Handelingen 1:20-26 BasisBijbel (BB)
In het Boek van de Psalmen staat hierover: 'Laat de plaats waar hij woonde, verwilderen. Laat niemand er gaan wonen.' En ergens anders staat: 'Iemand anders moet de taak overnemen die hij had.' + Daarom moeten we iemand kiezen om zijn plaats in te nemen. Hij zal samen met ons aan de mensen gaan vertellen dat Jezus uit de dood is opgestaan. Het moet iemand zijn die al bij ons hoorde toen de Heer Jezus nog bij ons was.

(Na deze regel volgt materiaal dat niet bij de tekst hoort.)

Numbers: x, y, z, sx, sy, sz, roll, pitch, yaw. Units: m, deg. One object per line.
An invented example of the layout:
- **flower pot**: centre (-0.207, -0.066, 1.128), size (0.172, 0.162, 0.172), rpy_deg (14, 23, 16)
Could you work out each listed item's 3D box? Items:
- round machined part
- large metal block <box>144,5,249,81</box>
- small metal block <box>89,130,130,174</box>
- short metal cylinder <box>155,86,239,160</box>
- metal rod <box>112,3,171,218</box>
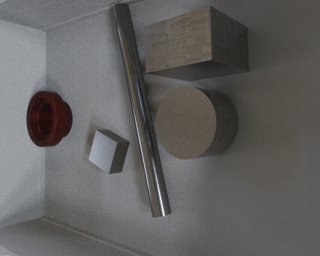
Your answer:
- **round machined part**: centre (-0.193, -0.016, 0.552), size (0.098, 0.042, 0.097), rpy_deg (0, 90, 39)
- **large metal block**: centre (0.041, -0.085, 0.336), size (0.080, 0.081, 0.050), rpy_deg (-3, 88, 39)
- **small metal block**: centre (-0.077, 0.035, 0.468), size (0.050, 0.025, 0.050), rpy_deg (27, 107, 36)
- **short metal cylinder**: centre (0.042, -0.006, 0.355), size (0.080, 0.050, 0.079), rpy_deg (0, 90, 39)
- **metal rod**: centre (-0.027, -0.031, 0.427), size (0.025, 0.025, 0.298), rpy_deg (-19, 78, 38)
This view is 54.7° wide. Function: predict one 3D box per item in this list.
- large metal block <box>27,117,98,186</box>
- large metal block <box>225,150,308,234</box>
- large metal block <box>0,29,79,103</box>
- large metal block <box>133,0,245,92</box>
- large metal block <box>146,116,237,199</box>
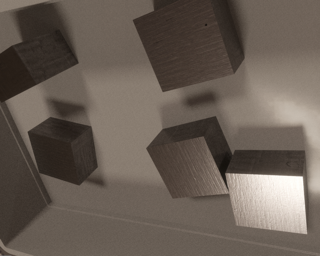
[{"bbox_3d":[-0.152,0.036,0.492,0.080,0.050,0.079,12,124,21],"label":"large metal block"},{"bbox_3d":[0.130,0.073,0.369,0.080,0.050,0.080,-2,118,28],"label":"large metal block"},{"bbox_3d":[-0.172,-0.082,0.410,0.080,0.080,0.050,-16,110,34],"label":"large metal block"},{"bbox_3d":[0.032,-0.091,0.319,0.080,0.050,0.080,-11,113,32],"label":"large metal block"},{"bbox_3d":[0.043,0.039,0.393,0.080,0.050,0.080,-14,111,33],"label":"large metal block"}]
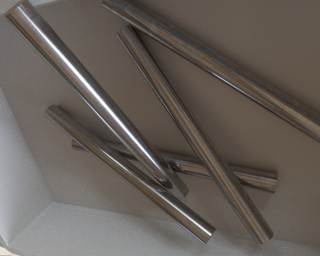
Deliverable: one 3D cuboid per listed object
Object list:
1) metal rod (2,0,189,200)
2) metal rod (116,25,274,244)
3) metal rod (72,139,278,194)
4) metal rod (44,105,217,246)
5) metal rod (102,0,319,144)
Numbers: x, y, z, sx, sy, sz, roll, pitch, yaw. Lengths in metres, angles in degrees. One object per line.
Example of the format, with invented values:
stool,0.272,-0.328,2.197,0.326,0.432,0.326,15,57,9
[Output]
metal rod,-0.046,-0.005,0.344,0.025,0.025,0.300,-10,135,32
metal rod,0.043,0.010,0.369,0.025,0.025,0.299,-32,94,38
metal rod,0.005,0.045,0.434,0.301,0.025,0.025,9,123,23
metal rod,-0.054,0.053,0.429,0.300,0.025,0.025,34,130,21
metal rod,0.067,-0.064,0.333,0.301,0.025,0.025,33,129,6
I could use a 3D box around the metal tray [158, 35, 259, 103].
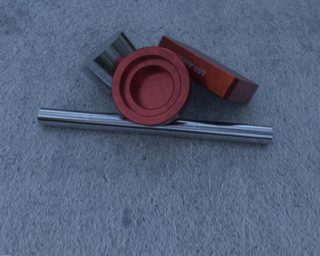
[{"bbox_3d":[0.066,-0.082,0.438,0.130,0.030,0.091,38,21,27],"label":"metal tray"}]

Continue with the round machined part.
[{"bbox_3d":[-0.008,-0.050,0.395,0.098,0.042,0.097,-1,85,12],"label":"round machined part"}]

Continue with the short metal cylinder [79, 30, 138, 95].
[{"bbox_3d":[-0.068,-0.093,0.441,0.080,0.050,0.080,-33,26,19],"label":"short metal cylinder"}]

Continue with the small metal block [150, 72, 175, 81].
[{"bbox_3d":[-0.001,-0.066,0.442,0.050,0.050,0.025,19,53,15],"label":"small metal block"}]

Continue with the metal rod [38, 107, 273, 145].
[{"bbox_3d":[-0.009,-0.003,0.407,0.302,0.025,0.025,5,50,4],"label":"metal rod"}]
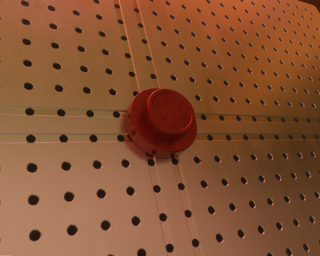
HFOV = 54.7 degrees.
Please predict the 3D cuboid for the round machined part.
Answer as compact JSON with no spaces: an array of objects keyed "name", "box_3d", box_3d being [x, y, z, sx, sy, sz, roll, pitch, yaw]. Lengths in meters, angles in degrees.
[{"name":"round machined part","box_3d":[0.007,-0.013,0.410,0.099,0.042,0.098,14,56,-21]}]
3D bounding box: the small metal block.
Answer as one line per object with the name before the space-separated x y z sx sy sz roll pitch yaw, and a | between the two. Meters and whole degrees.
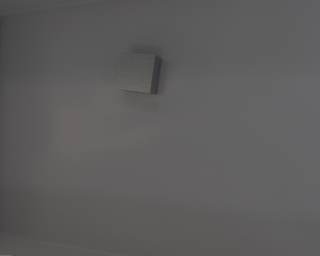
small metal block | -0.028 -0.074 0.421 0.050 0.025 0.050 9 93 19
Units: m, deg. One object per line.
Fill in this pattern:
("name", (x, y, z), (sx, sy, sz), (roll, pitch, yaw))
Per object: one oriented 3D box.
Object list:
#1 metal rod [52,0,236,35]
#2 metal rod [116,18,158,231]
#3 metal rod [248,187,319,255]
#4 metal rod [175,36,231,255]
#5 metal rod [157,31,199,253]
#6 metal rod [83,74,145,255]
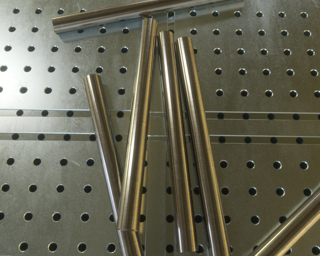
("metal rod", (-0.012, -0.186, 0.479), (0.302, 0.025, 0.025), (-13, 71, -5))
("metal rod", (-0.026, -0.022, 0.406), (0.025, 0.025, 0.299), (4, 65, 1))
("metal rod", (0.154, 0.123, 0.367), (0.301, 0.025, 0.025), (-38, 74, -13))
("metal rod", (0.053, 0.012, 0.407), (0.025, 0.025, 0.299), (-6, 70, -2))
("metal rod", (0.020, 0.003, 0.410), (0.025, 0.025, 0.299), (-4, 70, -2))
("metal rod", (-0.055, 0.066, 0.387), (0.025, 0.025, 0.299), (-15, 71, -5))
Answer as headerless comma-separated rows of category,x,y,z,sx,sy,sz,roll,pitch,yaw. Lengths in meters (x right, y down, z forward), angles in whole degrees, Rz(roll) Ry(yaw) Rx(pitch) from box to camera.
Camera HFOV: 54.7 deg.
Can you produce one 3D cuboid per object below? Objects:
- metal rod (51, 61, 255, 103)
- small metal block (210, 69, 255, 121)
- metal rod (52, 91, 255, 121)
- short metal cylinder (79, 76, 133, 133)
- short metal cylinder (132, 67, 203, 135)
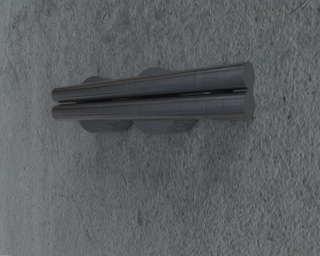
metal rod,-0.036,-0.048,0.370,0.300,0.025,0.025,1,91,40
small metal block,0.077,-0.033,0.328,0.025,0.050,0.050,-2,88,40
metal rod,-0.036,-0.022,0.370,0.300,0.025,0.025,1,91,40
short metal cylinder,-0.078,-0.033,0.454,0.080,0.050,0.080,0,90,40
short metal cylinder,0.007,-0.032,0.385,0.080,0.050,0.080,0,90,40
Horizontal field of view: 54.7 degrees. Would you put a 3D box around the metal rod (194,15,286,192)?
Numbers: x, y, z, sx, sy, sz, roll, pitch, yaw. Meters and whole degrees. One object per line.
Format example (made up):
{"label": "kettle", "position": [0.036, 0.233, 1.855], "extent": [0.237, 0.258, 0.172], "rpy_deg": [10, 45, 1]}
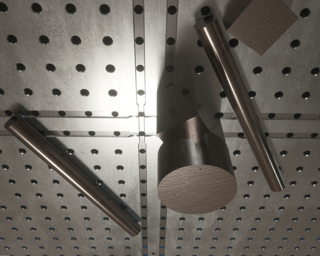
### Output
{"label": "metal rod", "position": [0.116, -0.009, 0.405], "extent": [0.025, 0.025, 0.299], "rpy_deg": [-22, 127, 17]}

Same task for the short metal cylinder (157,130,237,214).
{"label": "short metal cylinder", "position": [0.038, 0.048, 0.332], "extent": [0.081, 0.050, 0.079], "rpy_deg": [0, 130, 0]}

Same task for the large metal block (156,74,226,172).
{"label": "large metal block", "position": [0.039, -0.003, 0.374], "extent": [0.050, 0.080, 0.080], "rpy_deg": [-25, 126, 20]}

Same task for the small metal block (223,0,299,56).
{"label": "small metal block", "position": [0.102, -0.111, 0.319], "extent": [0.050, 0.025, 0.050], "rpy_deg": [27, 125, -22]}

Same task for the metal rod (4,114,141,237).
{"label": "metal rod", "position": [-0.118, 0.089, 0.486], "extent": [0.025, 0.025, 0.300], "rpy_deg": [-23, 127, 18]}
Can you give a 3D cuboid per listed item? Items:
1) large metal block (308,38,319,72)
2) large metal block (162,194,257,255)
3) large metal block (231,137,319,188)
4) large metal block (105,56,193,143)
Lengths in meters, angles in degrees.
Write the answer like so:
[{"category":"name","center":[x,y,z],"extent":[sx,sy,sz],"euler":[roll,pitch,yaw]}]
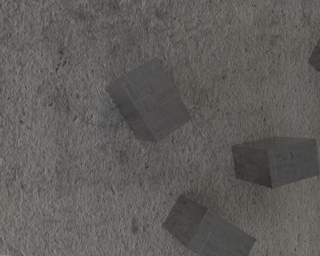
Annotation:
[{"category":"large metal block","center":[0.305,-0.123,0.508],"extent":[0.080,0.050,0.080],"euler":[32,80,-17]},{"category":"large metal block","center":[0.061,0.136,0.402],"extent":[0.080,0.080,0.050],"euler":[35,79,-17]},{"category":"large metal block","center":[0.161,0.045,0.439],"extent":[0.081,0.080,0.050],"euler":[-10,94,-20]},{"category":"large metal block","center":[-0.017,-0.031,0.373],"extent":[0.050,0.080,0.080],"euler":[-34,101,-17]}]
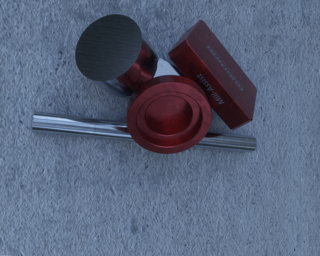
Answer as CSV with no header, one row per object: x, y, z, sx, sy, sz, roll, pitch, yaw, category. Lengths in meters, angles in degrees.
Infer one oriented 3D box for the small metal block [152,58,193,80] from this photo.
0.008,-0.062,0.398,0.050,0.050,0.025,25,82,-19,small metal block

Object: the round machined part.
0.010,-0.019,0.372,0.099,0.042,0.097,-3,124,-4,round machined part

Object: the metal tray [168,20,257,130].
0.075,-0.071,0.408,0.130,0.030,0.090,47,37,-14,metal tray

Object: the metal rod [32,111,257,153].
-0.005,0.008,0.409,0.302,0.025,0.025,6,88,-20,metal rod

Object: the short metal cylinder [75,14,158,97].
-0.049,-0.082,0.358,0.080,0.050,0.080,-5,74,18,short metal cylinder
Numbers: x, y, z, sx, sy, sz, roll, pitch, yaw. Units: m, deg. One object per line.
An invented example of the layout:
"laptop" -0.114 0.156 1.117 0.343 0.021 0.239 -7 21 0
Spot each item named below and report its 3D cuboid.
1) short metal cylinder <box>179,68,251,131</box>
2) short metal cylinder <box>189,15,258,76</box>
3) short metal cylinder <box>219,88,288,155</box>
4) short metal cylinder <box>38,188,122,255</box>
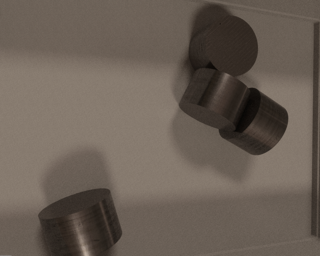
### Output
"short metal cylinder" 0.072 -0.036 0.409 0.080 0.080 0.050 29 81 -18
"short metal cylinder" 0.087 -0.108 0.431 0.081 0.050 0.079 0 90 -21
"short metal cylinder" 0.128 -0.009 0.430 0.050 0.080 0.080 29 80 -19
"short metal cylinder" -0.088 0.107 0.349 0.081 0.080 0.050 -17 96 -20

Hij moet aldoor met ons zijn meegegaan, vanaf de dag dat Jezus door Johannes werd gedoopt, tot de dag dat Jezus naar de hemel ging." Ze stelden twee mannen voor: Jozef Barsabbas, die ook Justus genoemd werd, en Mattias. Ze baden: "Heer, U kent alle harten. Wilt U aanwijzen wie van deze twee U heeft uitgekozen. Dan zal hij Judas' plaats innemen en zijn taak overnemen. Want Judas is er niet meer bij. Hij is gegaan naar de plaats waar hij hoort." Ze lieten de mannen loten en zo werd Mattias aangewezen. Vanaf dat moment hoorde hij bij de andere elf apostelen.
Handelingen 1:20-26 NBG-vertaling 1951 (NBG51)
Want er staat geschreven in het boek der Psalmen: Zijn plaats worde woest en er zij niemand, die erop woont, en: Een ander neme het opzicht, dat hij had. Er moet dan van de mannen, die zich bij ons hebben aangesloten in al de tijd, dat de Here Jezus bij ons in- en uitgegaan is, te beginnen met de doop van Johannes tot de dag, dat Hij van ons werd opgenomen, één van hen met ons getuige worden van zijn opstanding. En zij stelden er twee voor: Jozef, genaamd Barsabbas, die de bijnaam Justus had, en Mattias. En zij baden en zeiden: Wijs Gij, Here, die aller harten kent, die ene aan, die Gij van deze twee hebt uitgekozen, om de plaats van deze dienst en dit apostelschap in te nemen, waarvan Judas vervallen is om naar zijn eigen plaats te gaan. En zij lieten hen loten en het lot viel op Mattias en hij werd gekozen verklaard bij de elf apostelen.